● Exercise aim: Write out, word for word and with no pictures, each line below from the one containing "Return CSV with" through the one containing "#11 power drill <box>270,261,448,397</box>", both included, and no other line.

Source records
┏━━

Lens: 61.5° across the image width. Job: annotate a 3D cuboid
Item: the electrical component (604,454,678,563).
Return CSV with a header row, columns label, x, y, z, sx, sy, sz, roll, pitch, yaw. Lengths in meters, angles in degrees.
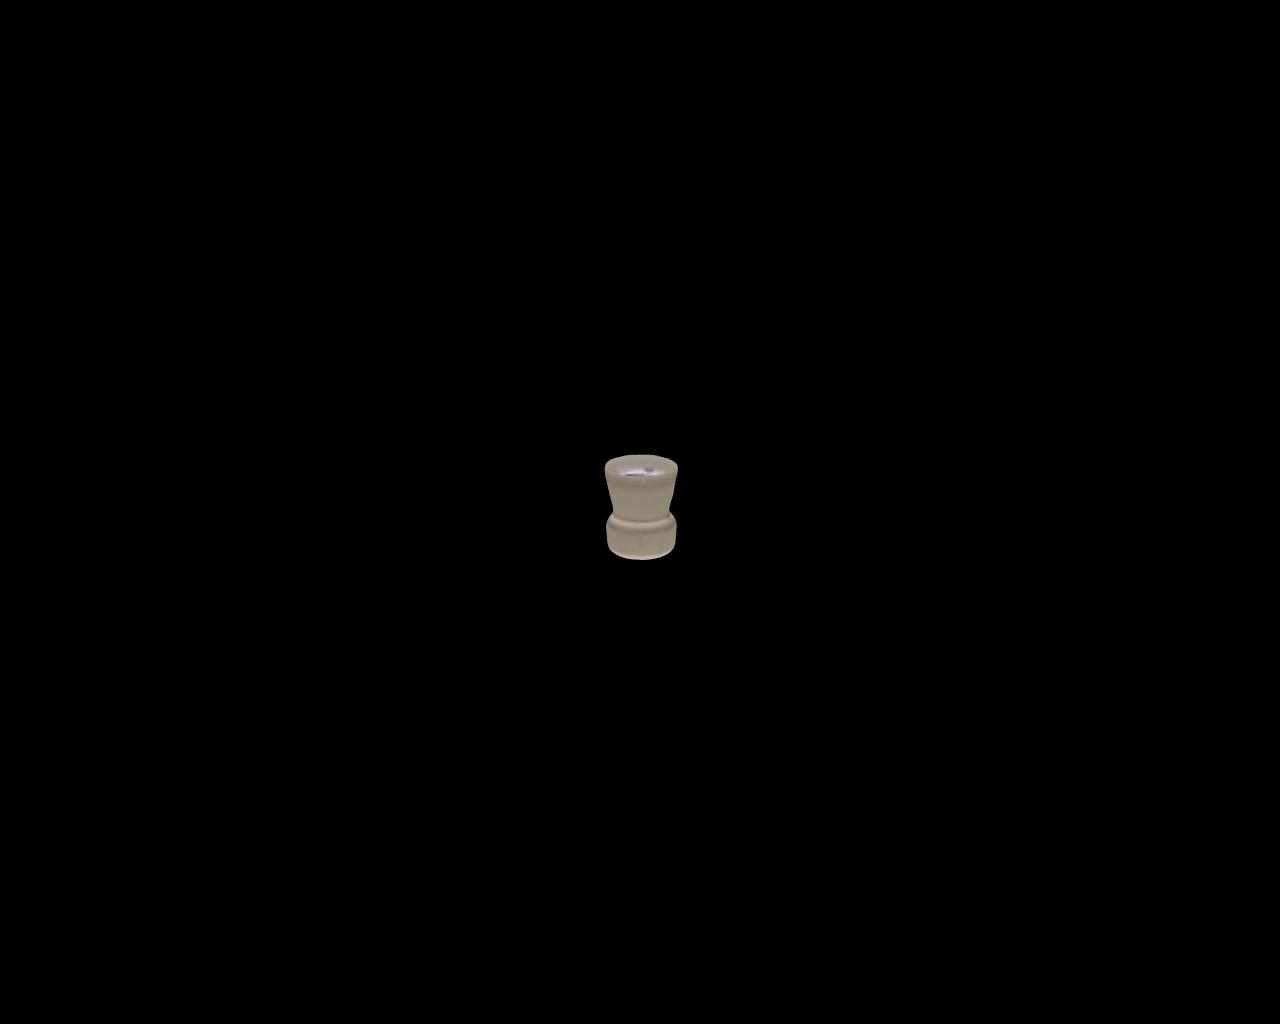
label,x,y,z,sx,sy,sz,roll,pitch,yaw
electrical component,0.001,-0.003,0.650,0.045,0.055,0.045,0,20,0
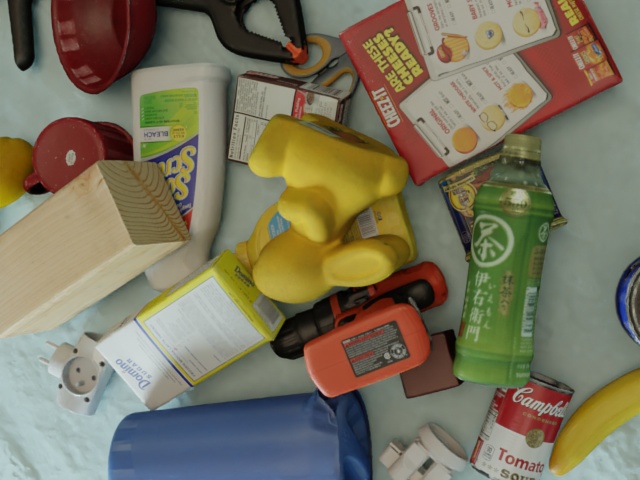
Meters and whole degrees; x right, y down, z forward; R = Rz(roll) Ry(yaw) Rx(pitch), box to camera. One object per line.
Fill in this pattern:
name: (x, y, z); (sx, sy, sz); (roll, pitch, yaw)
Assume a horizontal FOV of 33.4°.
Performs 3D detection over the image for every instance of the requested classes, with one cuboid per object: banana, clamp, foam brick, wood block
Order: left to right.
clamp: (-0.343, -0.275, 1.145); (0.120, 0.039, 0.171); (14, 86, 7)
wood block: (-0.241, 0.011, 1.055); (0.206, 0.090, 0.091); (-32, 77, 28)
clamp: (-0.080, -0.261, 1.084); (0.210, 0.036, 0.164); (40, 97, 17)
foam brick: (0.105, 0.117, 1.015); (0.051, 0.078, 0.053); (-16, 85, 13)
banana: (0.297, 0.157, 0.993); (0.198, 0.037, 0.069); (-22, 82, 11)

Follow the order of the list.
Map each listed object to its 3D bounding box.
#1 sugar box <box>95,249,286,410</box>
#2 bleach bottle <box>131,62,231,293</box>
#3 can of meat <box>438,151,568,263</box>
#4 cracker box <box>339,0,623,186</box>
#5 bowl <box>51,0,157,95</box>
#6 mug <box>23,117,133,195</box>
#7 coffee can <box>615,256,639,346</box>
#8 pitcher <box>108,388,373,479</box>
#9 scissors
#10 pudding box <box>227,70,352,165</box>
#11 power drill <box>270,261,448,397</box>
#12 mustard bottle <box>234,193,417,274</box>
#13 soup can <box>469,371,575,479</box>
sugar box: (-0.129, 0.091, 1.045); (0.176, 0.048, 0.093); (-31, 102, 32)
bleach bottle: (-0.136, -0.048, 1.081); (0.103, 0.068, 0.251); (-3, 90, 17)
can of meat: (0.172, -0.036, 1.017); (0.102, 0.057, 0.084); (-22, 82, 11)
cracker box: (0.150, -0.171, 1.011); (0.214, 0.072, 0.164); (-27, 89, 10)
bowl: (-0.213, -0.230, 1.084); (0.162, 0.055, 0.162); (12, 105, 49)
mug: (-0.252, -0.077, 1.097); (0.117, 0.081, 0.093); (-22, 84, 10)
coffee can: (0.316, 0.056, 0.939); (0.103, 0.140, 0.103); (0, 88, 12)
pitcher: (-0.073, 0.225, 1.034); (0.243, 0.145, 0.149); (-6, 75, 16)
scissors: (0.041, -0.207, 1.070); (0.096, 0.016, 0.202); (45, 97, 10)
pudding box: (-0.032, -0.113, 1.061); (0.113, 0.039, 0.090); (15, 110, 15)
power drill: (0.031, 0.082, 0.979); (0.184, 0.187, 0.057); (-24, 99, 8)
mustard bottle: (-0.007, 0.001, 1.053); (0.192, 0.058, 0.096); (-17, 83, 11)
soup can: (0.188, 0.176, 1.000); (0.068, 0.068, 0.102); (21, 93, 12)
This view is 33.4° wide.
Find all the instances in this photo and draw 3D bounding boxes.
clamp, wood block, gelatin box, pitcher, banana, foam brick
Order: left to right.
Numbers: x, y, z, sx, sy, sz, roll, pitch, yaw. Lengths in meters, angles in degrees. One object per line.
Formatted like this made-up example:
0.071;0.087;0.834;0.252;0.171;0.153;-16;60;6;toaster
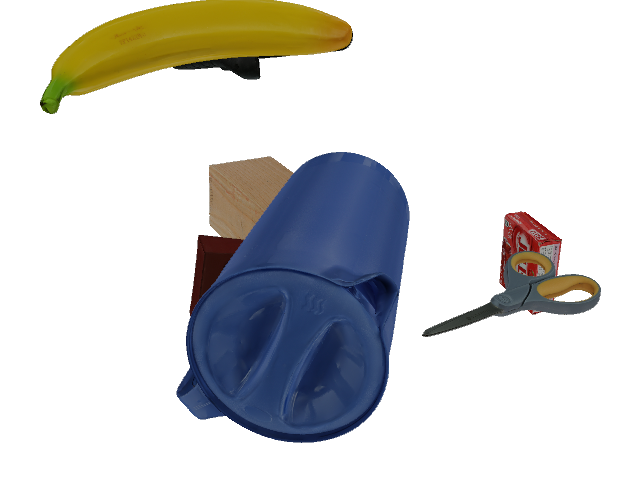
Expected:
-0.081;-0.118;0.658;0.197;0.070;0.037;-18;-35;-17;banana
-0.088;0.040;0.975;0.053;0.078;0.051;4;14;-14;foam brick
-0.060;-0.161;0.873;0.120;0.039;0.172;-16;23;-36;clamp
-0.058;-0.026;1.310;0.090;0.090;0.206;-10;26;-25;wood block
-0.009;0.031;0.785;0.149;0.145;0.242;9;27;8;pitcher
0.225;0.023;1.153;0.030;0.089;0.073;-10;30;-18;gelatin box

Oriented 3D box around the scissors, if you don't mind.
0.155;0.045;0.936;0.201;0.016;0.096;-5;34;-26;scissors
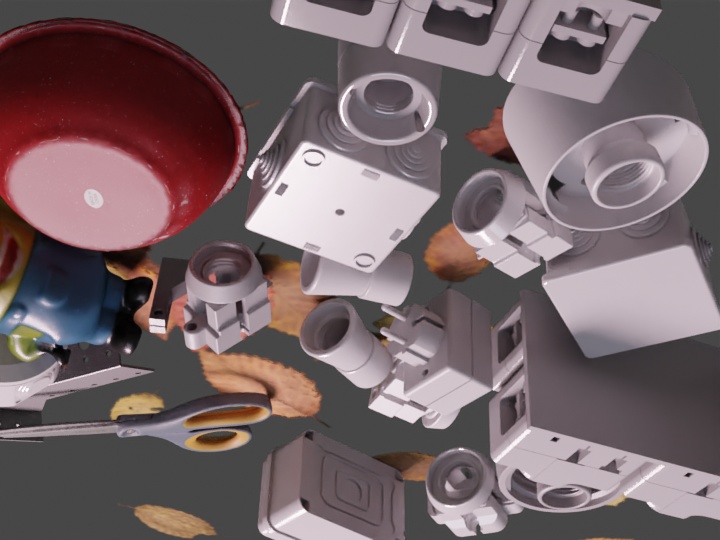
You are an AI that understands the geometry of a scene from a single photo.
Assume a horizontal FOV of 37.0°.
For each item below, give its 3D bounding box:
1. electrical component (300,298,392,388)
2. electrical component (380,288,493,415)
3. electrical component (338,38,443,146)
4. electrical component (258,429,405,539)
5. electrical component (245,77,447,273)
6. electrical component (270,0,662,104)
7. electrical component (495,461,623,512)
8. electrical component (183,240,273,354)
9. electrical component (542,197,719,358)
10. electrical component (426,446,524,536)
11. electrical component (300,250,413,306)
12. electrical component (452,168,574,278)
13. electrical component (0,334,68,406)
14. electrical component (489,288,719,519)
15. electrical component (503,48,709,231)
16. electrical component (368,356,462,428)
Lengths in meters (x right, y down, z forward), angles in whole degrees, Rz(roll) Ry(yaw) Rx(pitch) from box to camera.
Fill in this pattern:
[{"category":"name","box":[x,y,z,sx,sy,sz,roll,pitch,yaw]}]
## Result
[{"category":"electrical component","box":[-0.006,0.054,0.741,0.044,0.044,0.065,-18,141,24]},{"category":"electrical component","box":[0.044,0.047,0.707,0.077,0.065,0.047,28,135,-27]},{"category":"electrical component","box":[0.015,-0.097,0.546,0.055,0.047,0.055,2,141,2]},{"category":"electrical component","box":[-0.023,0.191,0.882,0.113,0.078,0.057,30,132,-29]},{"category":"electrical component","box":[-0.010,-0.050,0.607,0.100,0.048,0.099,20,139,-19]},{"category":"electrical component","box":[0.042,-0.134,0.464,0.150,0.089,0.061,12,140,-10]},{"category":"electrical component","box":[0.156,0.148,0.829,0.108,0.060,0.108,2,141,2]},{"category":"electrical component","box":[-0.086,0.015,0.687,0.066,0.048,0.055,-32,144,-29]},{"category":"electrical component","box":[0.166,0.003,0.657,0.100,0.048,0.099,-16,137,22]},{"category":"electrical component","box":[0.088,0.179,0.876,0.078,0.058,0.057,-13,141,20]},{"category":"electrical component","box":[0.000,0.000,0.674,0.065,0.044,0.044,13,140,-19]},{"category":"electrical component","box":[0.087,-0.029,0.627,0.055,0.048,0.066,27,136,-36]},{"category":"electrical component","box":[-0.237,0.048,0.722,0.080,0.080,0.051,13,146,-11]},{"category":"electrical component","box":[0.180,0.095,0.725,0.186,0.105,0.060,17,140,-15]},{"category":"electrical component","box":[0.133,-0.069,0.578,0.099,0.064,0.099,-9,144,-6]},{"category":"electrical component","box":[0.043,0.084,0.772,0.055,0.048,0.066,25,137,-13]}]
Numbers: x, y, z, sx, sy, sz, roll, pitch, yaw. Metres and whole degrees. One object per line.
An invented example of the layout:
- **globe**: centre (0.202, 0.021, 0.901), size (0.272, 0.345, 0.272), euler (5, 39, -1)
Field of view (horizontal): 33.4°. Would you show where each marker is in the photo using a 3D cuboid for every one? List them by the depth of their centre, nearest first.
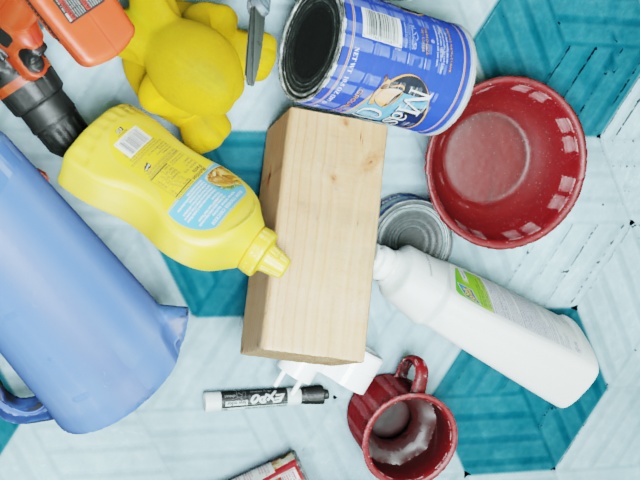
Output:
- **marker**: centre (-0.050, 0.151, 1.016), size (0.121, 0.020, 0.020), euler (-2, 101, -13)

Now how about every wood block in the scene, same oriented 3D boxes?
- **wood block**: centre (-0.007, 0.001, 0.927), size (0.090, 0.091, 0.206), euler (9, 79, -15)

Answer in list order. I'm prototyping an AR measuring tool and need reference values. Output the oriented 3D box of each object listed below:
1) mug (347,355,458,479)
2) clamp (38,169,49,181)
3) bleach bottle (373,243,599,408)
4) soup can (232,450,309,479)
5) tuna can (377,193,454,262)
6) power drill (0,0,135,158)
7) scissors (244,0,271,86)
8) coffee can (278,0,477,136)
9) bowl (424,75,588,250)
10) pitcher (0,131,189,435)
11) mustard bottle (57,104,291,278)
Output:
- **mug**: centre (0.076, 0.166, 1.018), size (0.093, 0.081, 0.117), euler (10, 99, -16)
- **clamp**: centre (-0.310, -0.009, 0.909), size (0.171, 0.039, 0.120), euler (-49, 120, -6)
- **bleach bottle**: centre (0.142, 0.066, 0.989), size (0.250, 0.102, 0.068), euler (29, 110, -24)
- **soup can**: centre (-0.055, 0.252, 1.010), size (0.102, 0.068, 0.068), euler (-25, 106, -8)
- **tuna can**: centre (0.082, 0.000, 1.011), size (0.086, 0.034, 0.086), euler (-3, 102, -14)
- **power drill**: centre (-0.217, -0.152, 0.828), size (0.057, 0.188, 0.184), euler (-47, 110, -31)
- **scissors**: centre (-0.059, -0.208, 0.861), size (0.016, 0.201, 0.096), euler (-23, 118, 27)
- **coffee can**: centre (0.049, -0.154, 0.920), size (0.140, 0.103, 0.103), euler (10, 99, -31)
- **bowl**: centre (0.167, -0.075, 1.006), size (0.162, 0.055, 0.162), euler (-3, 101, -13)
- **pitcher**: centre (-0.238, 0.039, 0.870), size (0.149, 0.145, 0.242), euler (-53, 122, -32)
- **mustard bottle**: centre (-0.107, -0.029, 0.857), size (0.191, 0.096, 0.058), euler (33, 132, 3)
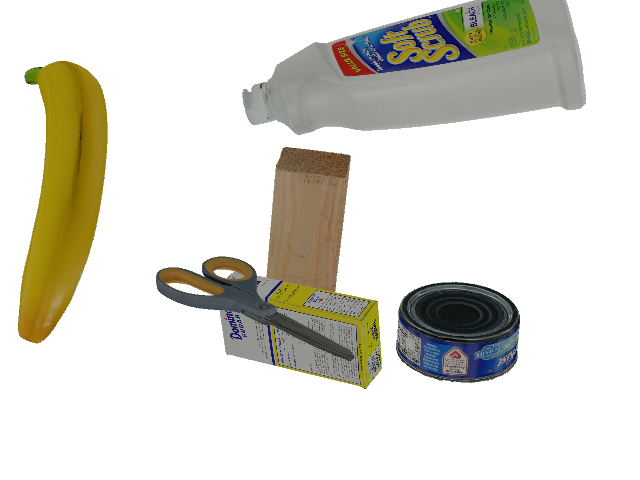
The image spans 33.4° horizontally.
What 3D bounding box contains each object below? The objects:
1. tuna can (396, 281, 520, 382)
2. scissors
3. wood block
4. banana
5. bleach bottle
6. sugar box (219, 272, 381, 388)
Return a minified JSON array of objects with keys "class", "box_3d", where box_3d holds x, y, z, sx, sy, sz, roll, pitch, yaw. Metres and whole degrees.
[{"class":"tuna can","box_3d":[0.096,0.062,0.747,0.086,0.034,0.086,0,26,0]},{"class":"scissors","box_3d":[-0.044,0.052,0.902,0.202,0.016,0.096,16,26,22]},{"class":"wood block","box_3d":[-0.018,-0.006,1.379,0.090,0.206,0.090,7,24,2]},{"class":"banana","box_3d":[-0.154,-0.038,0.643,0.037,0.198,0.070,14,-35,-31]},{"class":"bleach bottle","box_3d":[0.064,-0.122,0.804,0.251,0.102,0.068,-11,-44,11]},{"class":"sugar box","box_3d":[-0.023,0.094,1.149,0.176,0.093,0.048,13,35,27]}]

┗━━

● Answer to this exercise:
Return CSV with a header row, columns label, x, y, z, sx, sy, sz, roll, pitch, yaw. Lengths in meters, angles in degrees.
label,x,y,z,sx,sy,sz,roll,pitch,yaw
electrical component,0.001,-0.003,0.650,0.045,0.055,0.045,0,20,0
Meters and whole degrees; x right, y down, z forward; R = Rz(roll) Ry(yaw) Rx(pitch), box to camera. One object per line.
Fill in this pattern:
name: (x, y, z); (sx, sy, sz); (roll, pitch, yaw)
Assume a horizontal FOV of 33.4°.
Performs 3D detection over the image for every instance of the requested classes, with one cuboid per object: banana, clamp, foam brick, wood block
Order: left to right.
clamp: (-0.343, -0.275, 1.145); (0.120, 0.039, 0.171); (14, 86, 7)
wood block: (-0.241, 0.011, 1.055); (0.206, 0.090, 0.091); (-32, 77, 28)
clamp: (-0.080, -0.261, 1.084); (0.210, 0.036, 0.164); (40, 97, 17)
foam brick: (0.105, 0.117, 1.015); (0.051, 0.078, 0.053); (-16, 85, 13)
banana: (0.297, 0.157, 0.993); (0.198, 0.037, 0.069); (-22, 82, 11)

Follow the order of the list.
Map each listed object to its 3D bounding box.
#1 sugar box <box>95,249,286,410</box>
#2 bleach bottle <box>131,62,231,293</box>
#3 can of meat <box>438,151,568,263</box>
#4 cracker box <box>339,0,623,186</box>
#5 bowl <box>51,0,157,95</box>
#6 mug <box>23,117,133,195</box>
#7 coffee can <box>615,256,639,346</box>
#8 pitcher <box>108,388,373,479</box>
#9 scissors
#10 pudding box <box>227,70,352,165</box>
#11 power drill <box>270,261,448,397</box>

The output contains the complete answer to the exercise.